ACTIVITY:
Copy each line of the listing where the word "Avol" can be found.

RECORDS FOR THIS TASK:
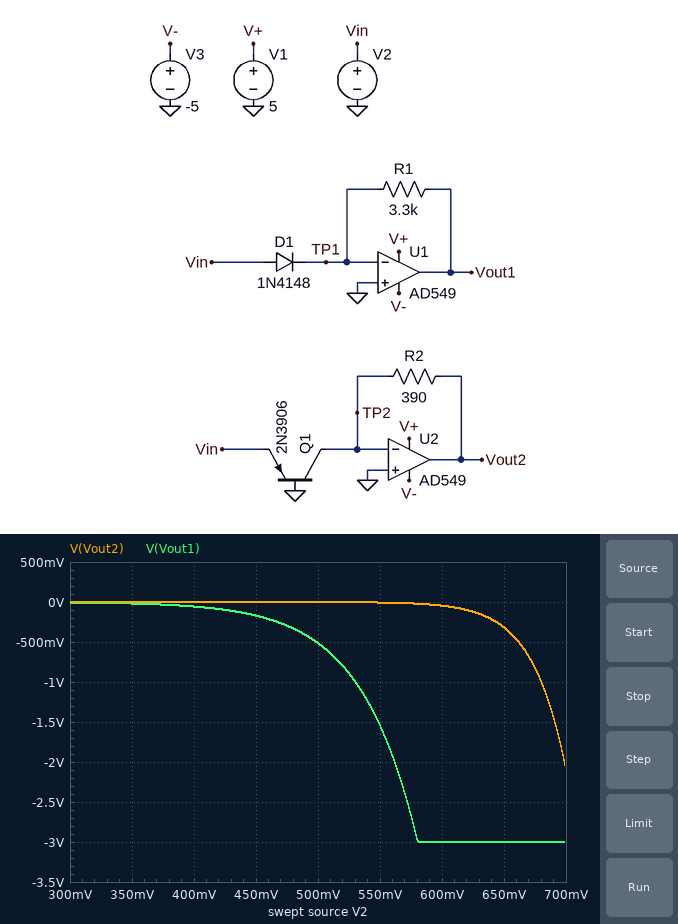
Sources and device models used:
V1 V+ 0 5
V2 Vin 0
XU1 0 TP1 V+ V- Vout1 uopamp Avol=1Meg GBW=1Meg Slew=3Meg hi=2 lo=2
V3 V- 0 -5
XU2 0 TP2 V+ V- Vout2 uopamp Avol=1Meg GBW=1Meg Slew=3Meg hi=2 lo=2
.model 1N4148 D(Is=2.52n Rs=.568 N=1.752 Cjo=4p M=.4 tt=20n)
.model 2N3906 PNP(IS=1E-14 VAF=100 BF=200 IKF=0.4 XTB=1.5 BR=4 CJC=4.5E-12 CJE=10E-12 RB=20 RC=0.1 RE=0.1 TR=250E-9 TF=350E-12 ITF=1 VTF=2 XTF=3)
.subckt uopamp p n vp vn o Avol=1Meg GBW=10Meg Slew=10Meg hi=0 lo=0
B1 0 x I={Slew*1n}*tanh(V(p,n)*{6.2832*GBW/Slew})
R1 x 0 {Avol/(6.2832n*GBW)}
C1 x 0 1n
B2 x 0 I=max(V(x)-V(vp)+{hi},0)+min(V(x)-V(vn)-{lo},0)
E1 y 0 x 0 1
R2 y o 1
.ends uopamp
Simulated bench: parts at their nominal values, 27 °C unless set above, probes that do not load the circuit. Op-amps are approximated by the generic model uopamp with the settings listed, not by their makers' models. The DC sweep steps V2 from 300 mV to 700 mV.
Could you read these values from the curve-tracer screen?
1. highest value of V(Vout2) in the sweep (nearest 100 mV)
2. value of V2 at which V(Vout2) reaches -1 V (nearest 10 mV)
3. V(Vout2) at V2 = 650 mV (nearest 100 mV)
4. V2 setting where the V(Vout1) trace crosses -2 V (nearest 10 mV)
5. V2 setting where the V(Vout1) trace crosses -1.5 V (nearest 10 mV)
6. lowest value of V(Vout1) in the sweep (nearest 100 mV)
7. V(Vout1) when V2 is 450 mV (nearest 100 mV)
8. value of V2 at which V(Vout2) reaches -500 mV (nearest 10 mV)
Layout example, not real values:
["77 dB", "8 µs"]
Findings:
["0 V", "680 mV", "-300 mV", "560 mV", "550 mV", "-3.0 V", "-200 mV", "660 mV"]
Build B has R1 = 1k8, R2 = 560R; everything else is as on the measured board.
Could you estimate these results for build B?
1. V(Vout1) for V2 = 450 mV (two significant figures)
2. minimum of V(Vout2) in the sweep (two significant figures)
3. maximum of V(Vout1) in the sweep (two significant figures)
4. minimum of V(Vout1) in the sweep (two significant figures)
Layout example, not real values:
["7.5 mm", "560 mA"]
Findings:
["-93 mV", "-3.0 V", "-3.4 mV", "-3.0 V"]
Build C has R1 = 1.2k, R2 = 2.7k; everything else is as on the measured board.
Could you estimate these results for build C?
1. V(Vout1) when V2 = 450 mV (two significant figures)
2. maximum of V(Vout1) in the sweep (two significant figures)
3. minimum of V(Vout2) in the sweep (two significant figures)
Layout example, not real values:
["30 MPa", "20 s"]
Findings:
["-62 mV", "-2.3 mV", "-3.0 V"]

RESULT FOR THIS TASK:
XU1 0 TP1 V+ V- Vout1 uopamp Avol=1Meg GBW=1Meg Slew=3Meg hi=2 lo=2
XU2 0 TP2 V+ V- Vout2 uopamp Avol=1Meg GBW=1Meg Slew=3Meg hi=2 lo=2
.subckt uopamp p n vp vn o Avol=1Meg GBW=10Meg Slew=10Meg hi=0 lo=0
R1 x 0 {Avol/(6.2832n*GBW)}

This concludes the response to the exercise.